Pictured: AbbVie headquarters in California/iStock, Michael Vi
Topline data from the Phase III SEQUENCE trial showed that AbbVie’s Skyrizi (risankizumab) matched, and could potentially even outpace, Johnson & Johnson’s Stelara (ustekinumab) in patients with Crohn’s disease.
SEQUENCE was designed to establish the non-inferiority of Skyrizi compared to Stelara in terms of clinical remission. AbbVie’s IL-23 inhibitor not only met this bar, but also demonstrated signals of superiority: 59% of Skyrizi-treated patients achieved remission, as opposed to only 40% among Stelara comparators.
Remission, the study’s primary endpoint, was defined as scores lower than 150 in the Crohn’s Disease Activity Index, measured at week 24.

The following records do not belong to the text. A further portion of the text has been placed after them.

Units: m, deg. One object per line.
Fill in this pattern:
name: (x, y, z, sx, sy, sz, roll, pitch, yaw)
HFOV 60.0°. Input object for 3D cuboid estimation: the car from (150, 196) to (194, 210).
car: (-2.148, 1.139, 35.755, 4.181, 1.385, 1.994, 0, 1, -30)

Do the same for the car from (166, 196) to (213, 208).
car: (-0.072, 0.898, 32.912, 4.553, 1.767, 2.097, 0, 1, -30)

“These head-to-head data reinforce SKYRIZI is an effective treatment option for patients living with Crohn’s disease,” Roopal Thakkar, AbbVie’s chief medical officer and senior vice president of development and regulatory affairs, said in a statement.
SEQUENCE’s results also highlight the role Skyrizi can play in helping patients reach both clinical and endoscopic remission, Thakkar said.

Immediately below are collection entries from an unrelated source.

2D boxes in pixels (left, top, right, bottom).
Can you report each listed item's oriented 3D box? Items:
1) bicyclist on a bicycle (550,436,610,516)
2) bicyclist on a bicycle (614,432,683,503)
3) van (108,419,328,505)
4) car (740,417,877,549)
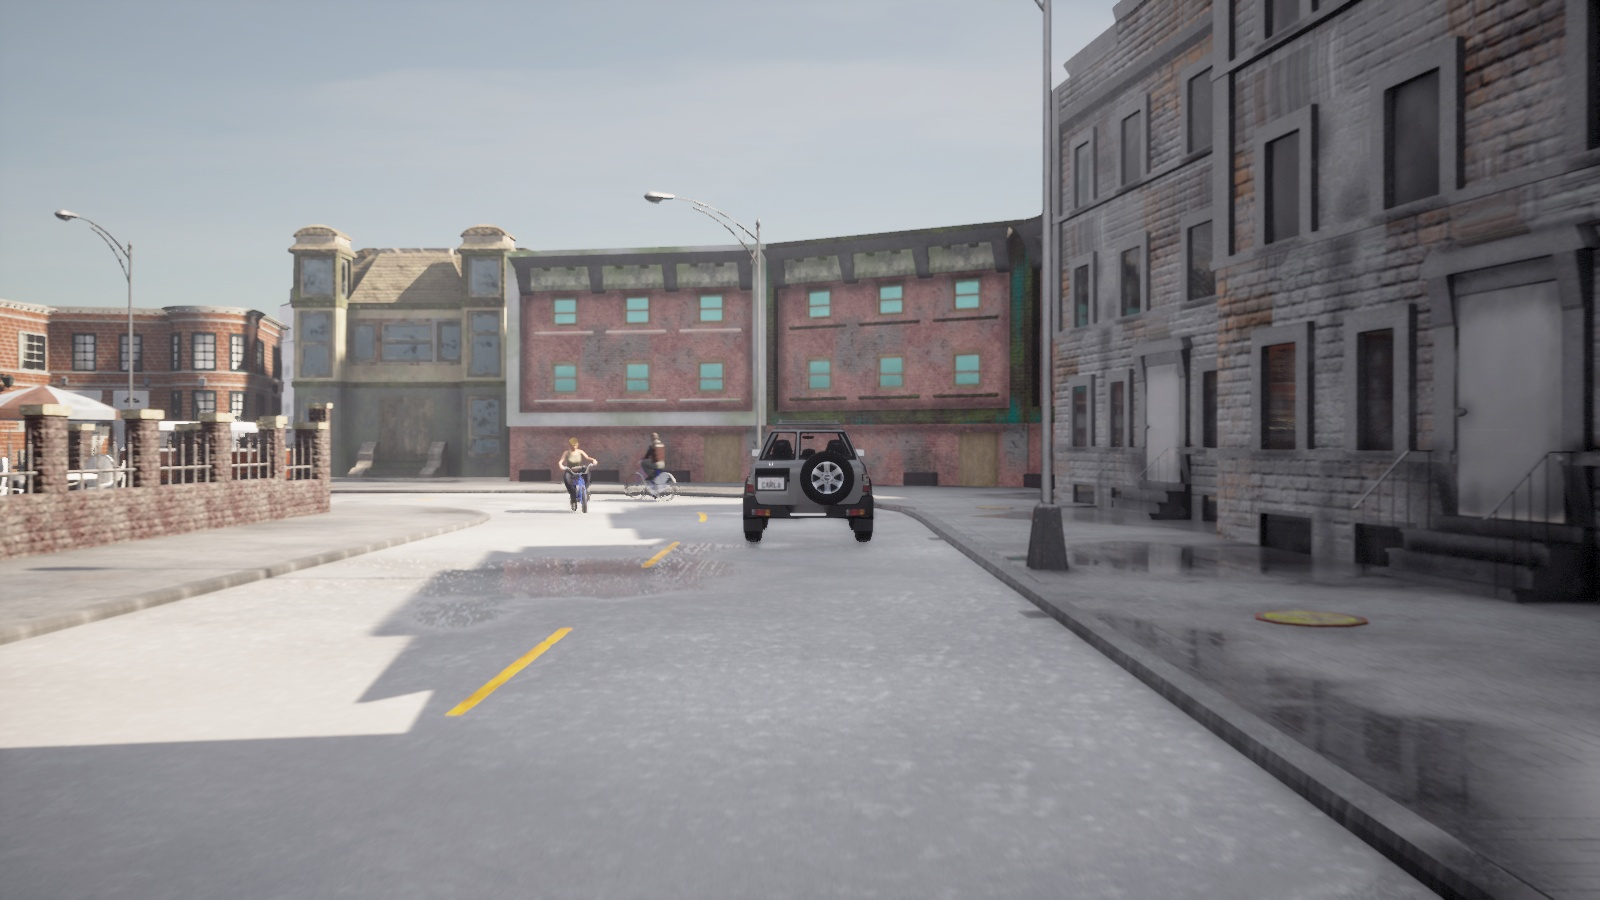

Both AbbVie’s Skyrizi and J&J’s Stelara are approved by the FDA for Crohn’s disease, though the latter was ahead by some six years, earning its regulatory greenlight in September 2016. Skyrizi was authorized in June 2022. The two treatments share other indications, too, including plaque psoriasis and psoriatic arthritis.
The therapeutic antibodies also have similar mechanisms of action. By blocking the interaction between IL-23 and its corresponding receptor, Skyrizi disrupts the signaling cascade that culminates in an inflammatory response. In turn, this alleviates the inflammation-driven symptoms of Crohn’s disease and other similar conditions.
Stelara, in comparison, targets two players in this cascade: IL-12 and IL-23. This mechanism also dampens the inflammatory cascade and addresses key symptoms in related diseases.
First posted in August 2020, SEQUENCE is a multicenter, randomized and assessor-blinded study that directly compared Skyrizi against Stelara in 527 patients with moderate-to-severe Crohn’s disease who had failed a prior line of anti-tumor necrosis factor therapy. Aside from efficacy, SEQUENCE also looked at Skyrizi’s safety and found no new safety risks.
The most common side effects associated with AbbVie’s antibody were headache, COVID-19 and Crohn’s disease.
Tuesday’s data from SEQUENCE continues Skyrizi’s winning streak. In ulcerative colitis, another form of inflammatory bowel disease, the IL-23 blocker led to significant and clinically meaningful improvements in remission when used as either an induction or maintenance therapy. AbbVie used these data as the basis for its regulatory submissions last month.
In July 2023, Skyrizi also emerged superior in another head-to-head study, this time against Amgen’s Otezla (apremilast) in plaque psoriasis.